WHAT YOU WILL DO: Please give back each line of the listing, unchanged in every word.

MATERIAL SUPPLIED:
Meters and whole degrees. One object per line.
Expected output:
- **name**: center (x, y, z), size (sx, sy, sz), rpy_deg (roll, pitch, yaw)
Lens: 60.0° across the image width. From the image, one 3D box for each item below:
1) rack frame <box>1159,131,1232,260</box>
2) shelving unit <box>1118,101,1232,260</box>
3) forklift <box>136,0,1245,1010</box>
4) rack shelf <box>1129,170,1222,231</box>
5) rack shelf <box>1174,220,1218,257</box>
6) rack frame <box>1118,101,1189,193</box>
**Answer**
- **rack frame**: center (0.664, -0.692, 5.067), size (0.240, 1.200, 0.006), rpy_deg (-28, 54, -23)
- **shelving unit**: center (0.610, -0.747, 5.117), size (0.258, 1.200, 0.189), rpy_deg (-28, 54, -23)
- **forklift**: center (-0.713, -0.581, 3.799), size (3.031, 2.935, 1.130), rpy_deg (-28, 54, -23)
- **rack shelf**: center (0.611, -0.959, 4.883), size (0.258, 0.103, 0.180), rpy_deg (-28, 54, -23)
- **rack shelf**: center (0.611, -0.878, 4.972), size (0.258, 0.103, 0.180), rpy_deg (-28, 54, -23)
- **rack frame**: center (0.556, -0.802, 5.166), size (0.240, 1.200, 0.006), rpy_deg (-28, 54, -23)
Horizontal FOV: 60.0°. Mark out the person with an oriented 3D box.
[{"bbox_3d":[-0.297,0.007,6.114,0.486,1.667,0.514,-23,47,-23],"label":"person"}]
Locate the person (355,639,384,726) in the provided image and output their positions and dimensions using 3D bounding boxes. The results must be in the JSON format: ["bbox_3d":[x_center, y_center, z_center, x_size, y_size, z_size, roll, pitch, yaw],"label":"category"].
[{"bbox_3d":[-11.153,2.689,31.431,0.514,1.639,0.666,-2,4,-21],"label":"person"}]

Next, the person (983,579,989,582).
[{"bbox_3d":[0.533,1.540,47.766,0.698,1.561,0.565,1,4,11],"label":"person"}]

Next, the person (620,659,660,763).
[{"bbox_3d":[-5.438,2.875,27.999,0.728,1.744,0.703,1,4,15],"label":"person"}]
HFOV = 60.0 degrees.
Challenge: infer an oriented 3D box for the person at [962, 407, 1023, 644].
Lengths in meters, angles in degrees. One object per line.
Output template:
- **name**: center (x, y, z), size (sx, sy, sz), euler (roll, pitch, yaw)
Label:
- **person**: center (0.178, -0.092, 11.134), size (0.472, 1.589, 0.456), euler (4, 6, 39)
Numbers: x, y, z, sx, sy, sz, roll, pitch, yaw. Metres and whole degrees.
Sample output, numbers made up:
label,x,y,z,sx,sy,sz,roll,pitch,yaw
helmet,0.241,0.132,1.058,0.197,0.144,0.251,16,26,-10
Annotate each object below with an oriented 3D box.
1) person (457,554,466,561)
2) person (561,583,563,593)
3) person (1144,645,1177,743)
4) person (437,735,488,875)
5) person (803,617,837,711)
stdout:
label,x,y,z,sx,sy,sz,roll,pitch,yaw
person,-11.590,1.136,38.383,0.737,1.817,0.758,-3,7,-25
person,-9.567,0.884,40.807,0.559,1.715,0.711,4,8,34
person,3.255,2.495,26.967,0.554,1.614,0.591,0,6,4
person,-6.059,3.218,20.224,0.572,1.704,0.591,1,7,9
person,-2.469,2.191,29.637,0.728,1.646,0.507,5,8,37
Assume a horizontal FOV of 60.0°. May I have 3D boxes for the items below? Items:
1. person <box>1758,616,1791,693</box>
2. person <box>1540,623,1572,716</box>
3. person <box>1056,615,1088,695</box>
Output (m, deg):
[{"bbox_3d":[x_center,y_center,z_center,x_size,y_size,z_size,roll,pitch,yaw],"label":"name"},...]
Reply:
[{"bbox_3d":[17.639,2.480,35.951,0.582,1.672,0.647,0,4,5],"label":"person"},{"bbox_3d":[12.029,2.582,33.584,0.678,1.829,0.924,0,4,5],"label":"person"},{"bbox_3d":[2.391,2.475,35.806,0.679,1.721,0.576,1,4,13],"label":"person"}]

RESULT FOR THIS EXERCISE:
Meters and whole degrees. One object per line.
Expected output:
- **name**: center (x, y, z), size (sx, sy, sz), rpy_deg (roll, pitch, yaw)
Lens: 60.0° across the image width. From the image, one 3D box for each item below:
1) rack frame <box>1159,131,1232,260</box>
2) shelving unit <box>1118,101,1232,260</box>
3) forklift <box>136,0,1245,1010</box>
4) rack shelf <box>1129,170,1222,231</box>
5) rack shelf <box>1174,220,1218,257</box>
6) rack frame <box>1118,101,1189,193</box>
**Answer**
- **rack frame**: center (0.664, -0.692, 5.067), size (0.240, 1.200, 0.006), rpy_deg (-28, 54, -23)
- **shelving unit**: center (0.610, -0.747, 5.117), size (0.258, 1.200, 0.189), rpy_deg (-28, 54, -23)
- **forklift**: center (-0.713, -0.581, 3.799), size (3.031, 2.935, 1.130), rpy_deg (-28, 54, -23)
- **rack shelf**: center (0.611, -0.959, 4.883), size (0.258, 0.103, 0.180), rpy_deg (-28, 54, -23)
- **rack shelf**: center (0.611, -0.878, 4.972), size (0.258, 0.103, 0.180), rpy_deg (-28, 54, -23)
- **rack frame**: center (0.556, -0.802, 5.166), size (0.240, 1.200, 0.006), rpy_deg (-28, 54, -23)
Horizontal FOV: 60.0°. Mark out the person with an oriented 3D box.
[{"bbox_3d":[-0.297,0.007,6.114,0.486,1.667,0.514,-23,47,-23],"label":"person"}]
Locate the person (355,639,384,726) in the provided image and output their positions and dimensions using 3D bounding boxes. The results must be in the JSON format: ["bbox_3d":[x_center, y_center, z_center, x_size, y_size, z_size, roll, pitch, yaw],"label":"category"].
[{"bbox_3d":[-11.153,2.689,31.431,0.514,1.639,0.666,-2,4,-21],"label":"person"}]

Next, the person (983,579,989,582).
[{"bbox_3d":[0.533,1.540,47.766,0.698,1.561,0.565,1,4,11],"label":"person"}]

Next, the person (620,659,660,763).
[{"bbox_3d":[-5.438,2.875,27.999,0.728,1.744,0.703,1,4,15],"label":"person"}]
HFOV = 60.0 degrees.
Challenge: infer an oriented 3D box for the person at [962, 407, 1023, 644].
Lengths in meters, angles in degrees. One object per line.
Output template:
- **name**: center (x, y, z), size (sx, sy, sz), euler (roll, pitch, yaw)
Label:
- **person**: center (0.178, -0.092, 11.134), size (0.472, 1.589, 0.456), euler (4, 6, 39)
Numbers: x, y, z, sx, sy, sz, roll, pitch, yaw. Metres and whole degrees.
Sample output, numbers made up:
label,x,y,z,sx,sy,sz,roll,pitch,yaw
helmet,0.241,0.132,1.058,0.197,0.144,0.251,16,26,-10
Annotate each object below with an oriented 3D box.
1) person (457,554,466,561)
2) person (561,583,563,593)
3) person (1144,645,1177,743)
4) person (437,735,488,875)
5) person (803,617,837,711)
stdout:
label,x,y,z,sx,sy,sz,roll,pitch,yaw
person,-11.590,1.136,38.383,0.737,1.817,0.758,-3,7,-25
person,-9.567,0.884,40.807,0.559,1.715,0.711,4,8,34
person,3.255,2.495,26.967,0.554,1.614,0.591,0,6,4
person,-6.059,3.218,20.224,0.572,1.704,0.591,1,7,9
person,-2.469,2.191,29.637,0.728,1.646,0.507,5,8,37
Assume a horizontal FOV of 60.0°. May I have 3D boxes for the items below? Items:
1. person <box>1758,616,1791,693</box>
2. person <box>1540,623,1572,716</box>
3. person <box>1056,615,1088,695</box>
Output (m, deg):
[{"bbox_3d":[x_center,y_center,z_center,x_size,y_size,z_size,roll,pitch,yaw],"label":"name"},...]
Reply:
[{"bbox_3d":[17.639,2.480,35.951,0.582,1.672,0.647,0,4,5],"label":"person"},{"bbox_3d":[12.029,2.582,33.584,0.678,1.829,0.924,0,4,5],"label":"person"},{"bbox_3d":[2.391,2.475,35.806,0.679,1.721,0.576,1,4,13],"label":"person"}]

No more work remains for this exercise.